Berita  

Taktik Serangan Licik Trump: Amerika Terpecah Akibat Serang Iran

Serangan yang dilakukan Amerika Serikat (AS) dan Israel ke Iran pada Sabtu (28/2) pagi waktu setempat tidaklah tindakan impulsif, melainkan hasil dari negosiasi intens antara Departemen Pertahanan/Perang AS (DoD) dengan perusahaan kecerdasan buatan (AI) Anthropic. Anthropic sebelumnya telah mendapat kontrak senilai US$200 juta dari DoD pada 2025 untuk menyediakan tool AI untuk kebutuhan militer. Namun, ketika negosiasi antara keduanya tidak membuahkan hasil, Presiden AS Donald Trump memerintahkan lembaga-lembaga federal untuk menghentikan penggunaan tool AI Anthropic, yang kemudian menyatukan kekuatan dengan Israel untuk menyerang Iran.

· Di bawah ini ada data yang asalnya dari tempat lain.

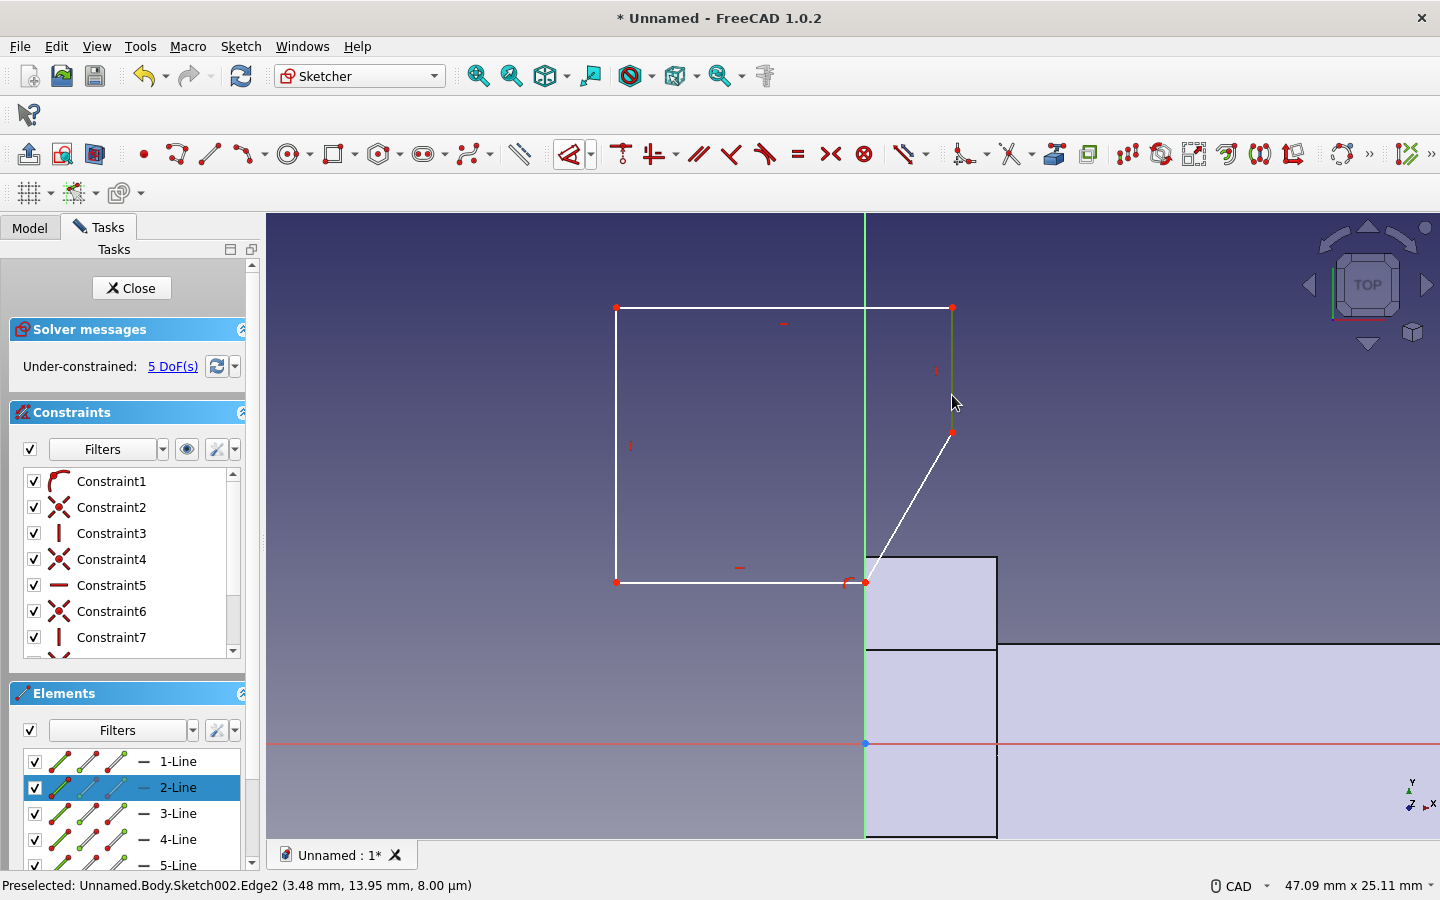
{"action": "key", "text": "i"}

Anthropic menegaskan penolakan terhadap penggunaan tool AI-nya untuk pembuatan senjata militer otomatis, serta memata-matai masyarakat AS. Sebaliknya, OpenAI, pesaing Anthropic, telah menyetujui penggunaan “semua yang sah” dari perangkat AI mereka untuk militer tanpa batasan etika yang diterapkan oleh Anthropic. Meskipun Trump melarang penggunaan Anthropic belum lama ini, serangan ke Iran terus menggunakan tool AI Anthropic untuk penilaian intelijen dan operasi militer AS.

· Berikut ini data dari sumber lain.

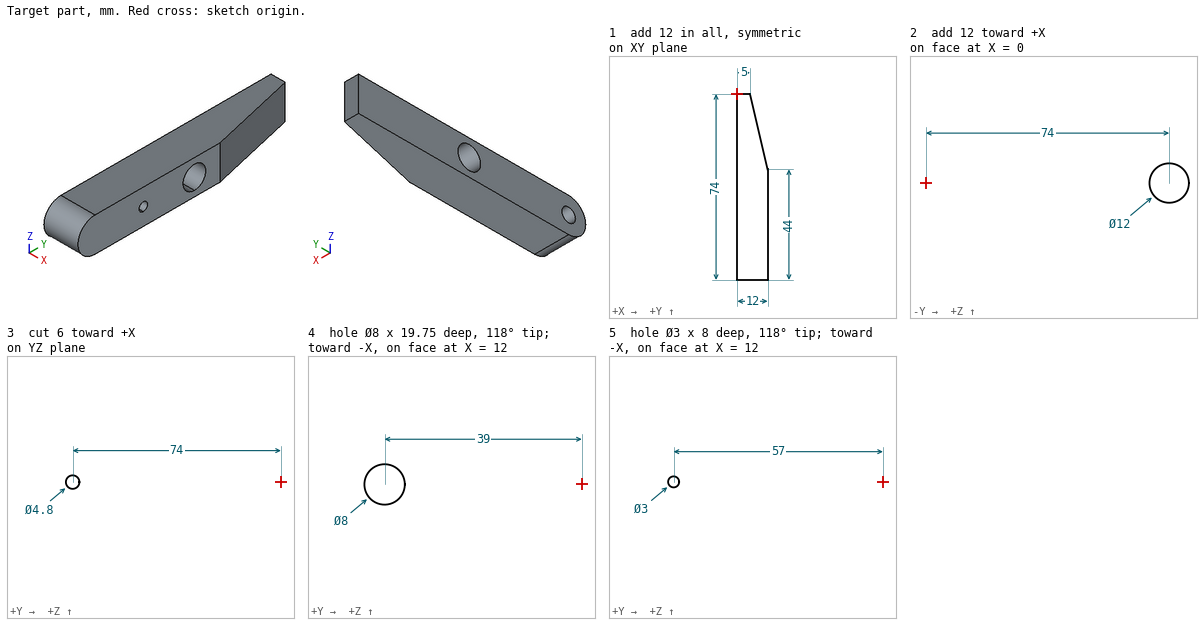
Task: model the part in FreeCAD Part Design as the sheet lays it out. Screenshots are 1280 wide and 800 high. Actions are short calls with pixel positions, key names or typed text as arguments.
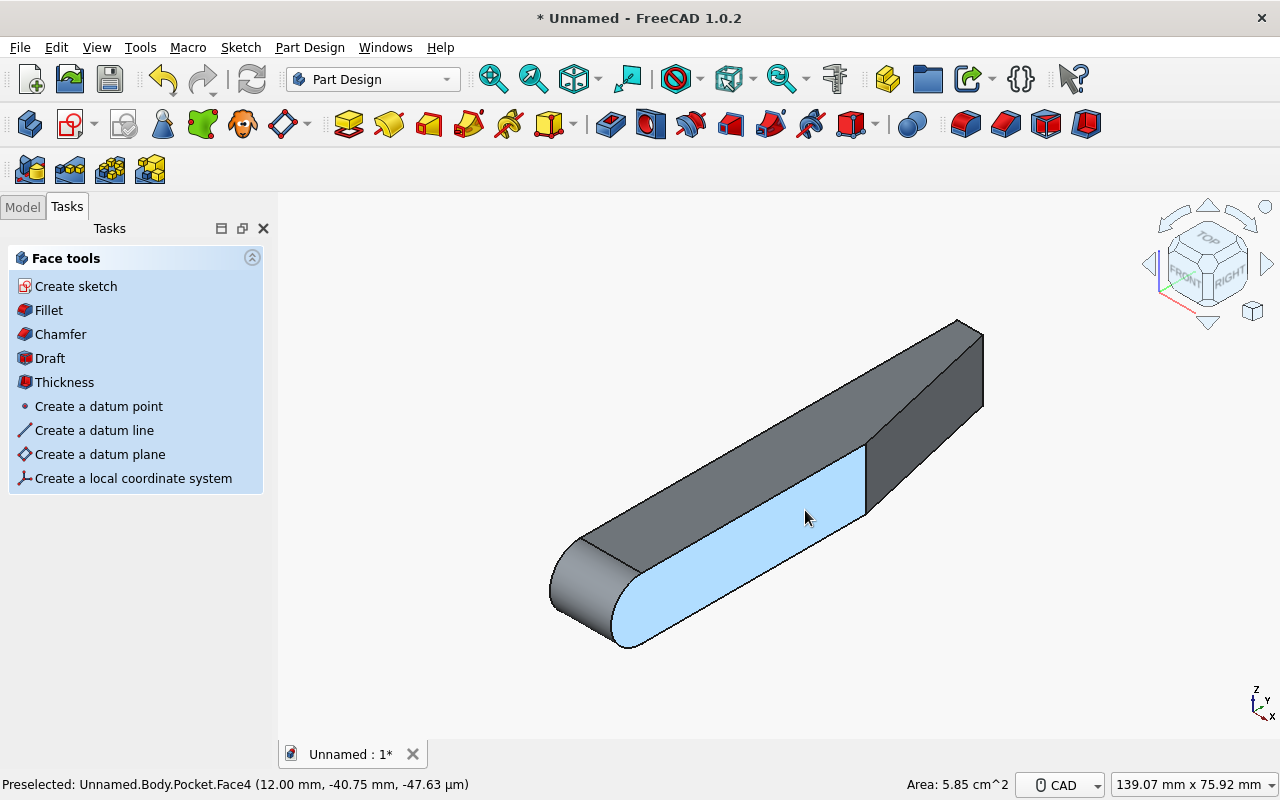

Pentingnya regulasi yang rinci terkait pemanfaatan teknologi AI dalam konteks militer menjadi sorotan di tengah perkembangan AI dalam perang modern. Berbagai negara termasuk AS, NATO, dan Inggris telah merumuskan prinsip-prinsip untuk penggunaan AI yang bertanggung jawab, adil, dan dapat diatur. Meski demikian, pemerintahan Trump yang lebih condong pada pengurangan regulasi teknologi menandai kemunduran dari inisiatif regulasi yang pernah diupayakan.

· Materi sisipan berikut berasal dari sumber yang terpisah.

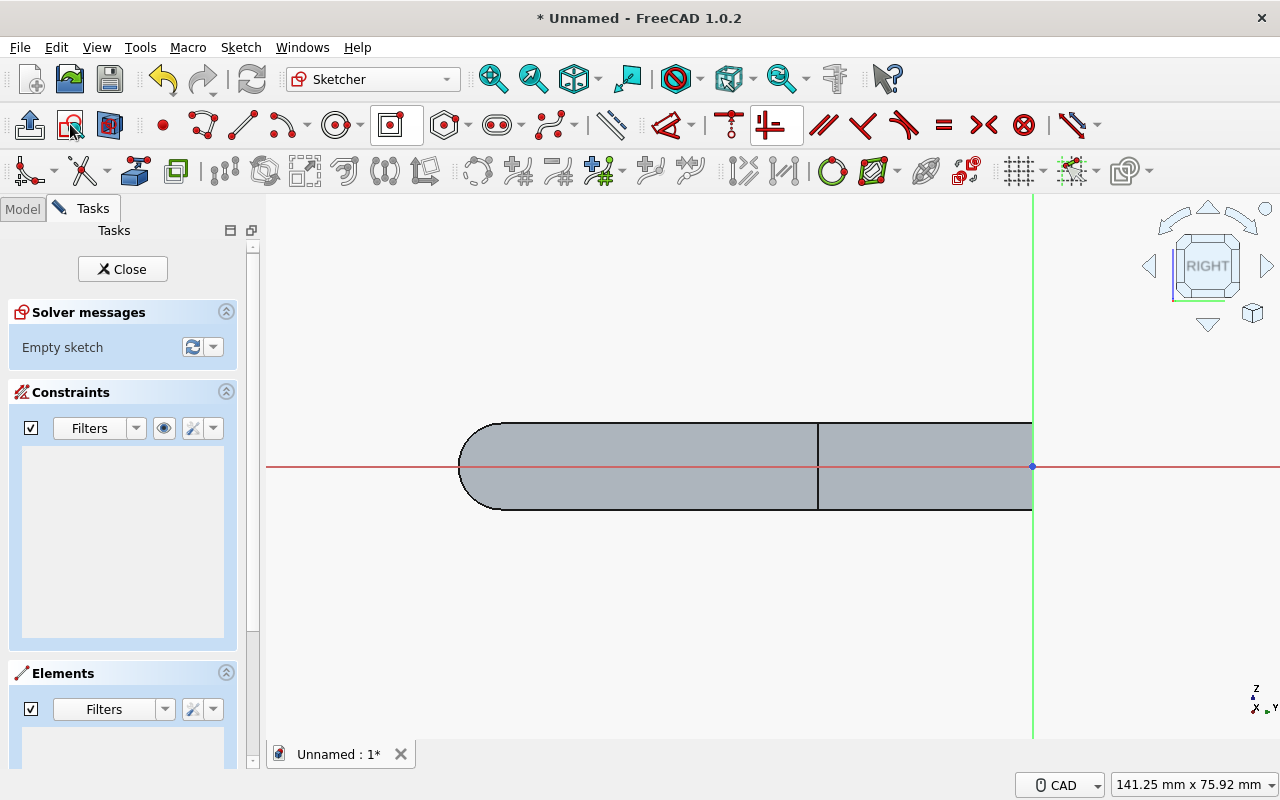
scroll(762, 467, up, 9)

Ketakutan akan penggunaan AI dalam militer yang tidak etis dan otonom telah menjadi isu global yang membutuhkan kerja sama antara negara-negara dan perusahaan teknologi. Keberpihakan beberapa pihak terhadap pemerintahan Trump dan sikap yang terbuka terhadap penggunaan AI dalam militer tanpa batasan etika menimbulkan pertanyaan serius terkait dampaknya terhadap demokrasi dan norma-norma internasional. Jelasnya, pentingnya transparansi, pertanggungjawaban, dan regulasi yang tepat dalam pemanfaatan teknologi AI militer merupakan kunci untuk memastikan penggunaannya yang etis dan aman sesuai dengan prinsip-prinsip demokrasi.